[died]: 679.Key to the Dark Abyss

Rating: 0.20  
Uploaded by:
Created:
2007-06-28 23:45:27
Keywords:
key
Key to the Dark Abyss
Genre:
Fantasy
Style:
short story
License:
Free for reading
With a shake, Taren put her ear to the gift. Nothing! There was only one reason for the sound of nothing. One: There was so much wrapping inside that it softened the sound of the item inside, but why use a big box for a tiny gift?
Taren pondered for a moment. Then shook the box harder and faster. Final a faint sound was heard from it. Was it a jingle or was it a squeak? Taren stopped shaking the box hoping that she didn’t hurt anything inside.
Taren pondered more … Her eyebrows met in a hardened face. She could not find out who this Auntie Josie was who set it to her. IN ADDITION, why now send a gift unexceptly like this, Taren’s birthday had already past and Christmas was a good five months away…
“Maybe I could open it, and find out what it is? But I have to remember to put the wrapping back on.” spoke Taren to herself.

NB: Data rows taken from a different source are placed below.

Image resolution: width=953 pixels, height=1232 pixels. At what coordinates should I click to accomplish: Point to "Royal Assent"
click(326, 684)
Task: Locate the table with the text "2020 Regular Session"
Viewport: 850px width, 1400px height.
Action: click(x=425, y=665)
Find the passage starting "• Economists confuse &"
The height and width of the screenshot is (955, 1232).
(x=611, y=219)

Her eyes brightened to the chase of opening the gift. Taren took the wrapping off in a whorl of motion. There stood a normal brown deliver box. No hint, nothing, as to what was inside. Then… again, there was the faint jingle or squeak as through something wanted out. Maybe it was a puppy or a kitten… No! There were no holes in the box…

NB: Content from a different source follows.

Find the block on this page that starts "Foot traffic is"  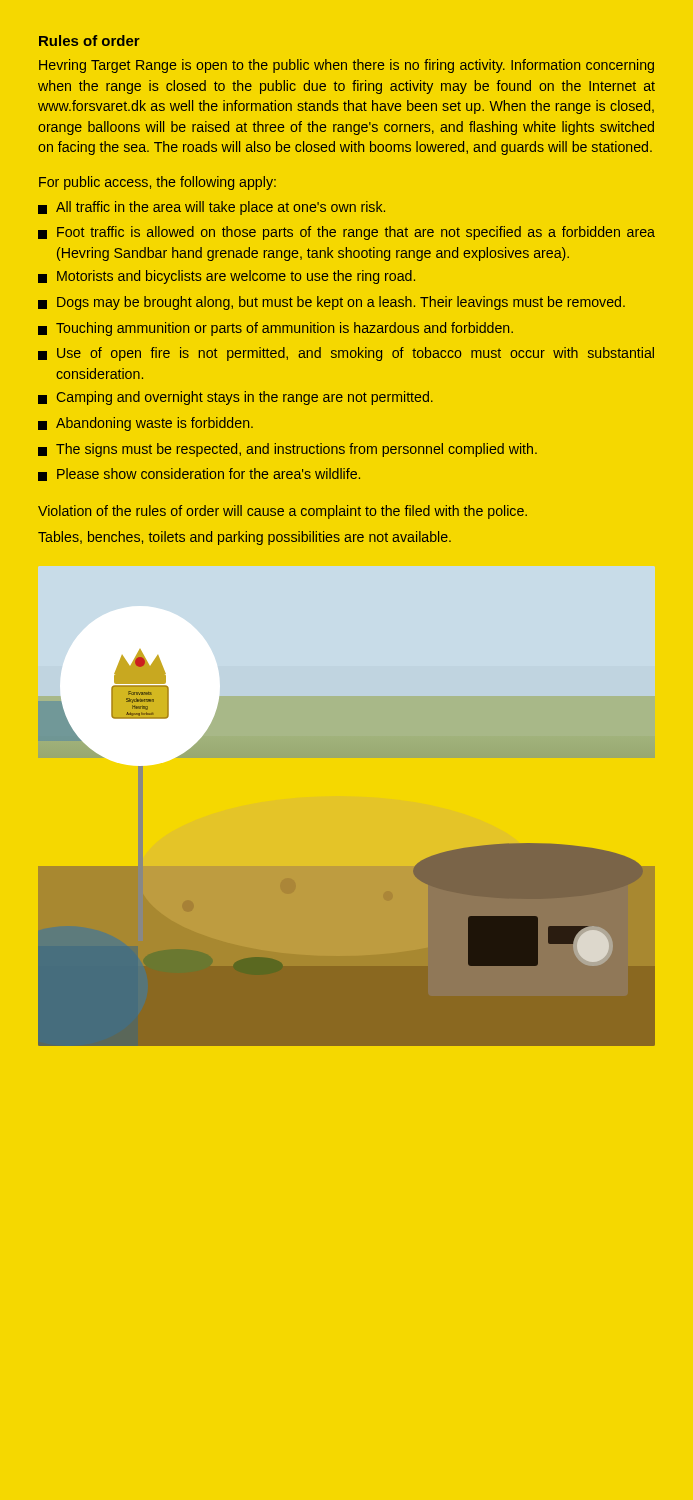coord(346,243)
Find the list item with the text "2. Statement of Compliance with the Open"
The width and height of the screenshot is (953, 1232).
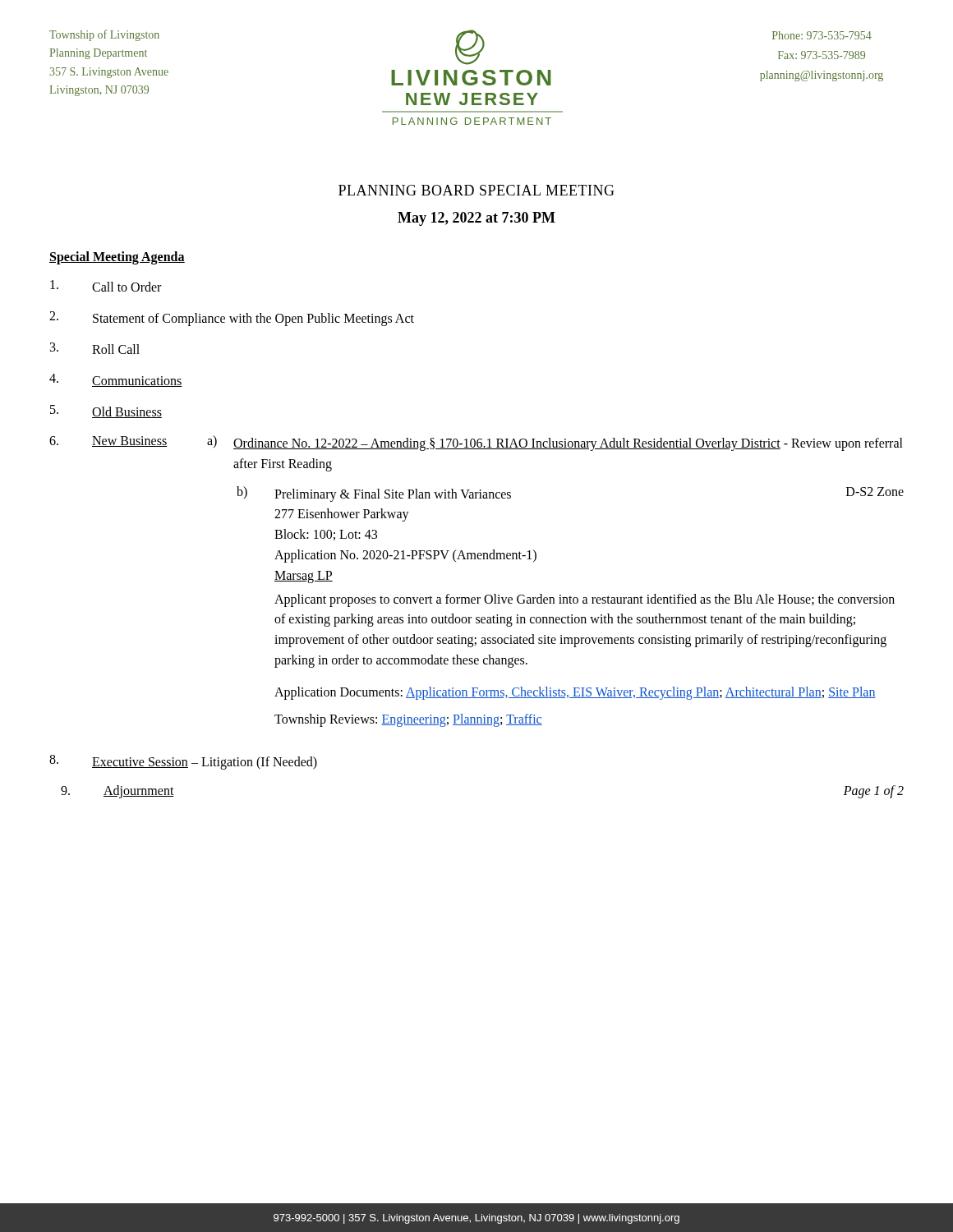[x=232, y=319]

“Taren, darling… Where is that positively, grand gift, you got?” shrieked Grandmazie. She was as crazy as a bat, as blind as a bat, as deaf as a bat; well… she is just a bat.
“Oh! Grandmazie… He..He..He.. I didn’t know you were here, I thought you went with mother to the store?” noted Taren with her teeth clanked hoping that she didn’t see the ripped up present behind her.
“NO! Your mother wanted someone to watch the present, so I stayed!!” shrieked Grandmazie again.
“It is in your room, Grandmazie. Why don’t you go lie on your bed and watch it?”
“YES, YES darling!! I think I will!” Grandmazie turned to walk to her room at a turtle pace her walker hitting the ground with a loud thump each time.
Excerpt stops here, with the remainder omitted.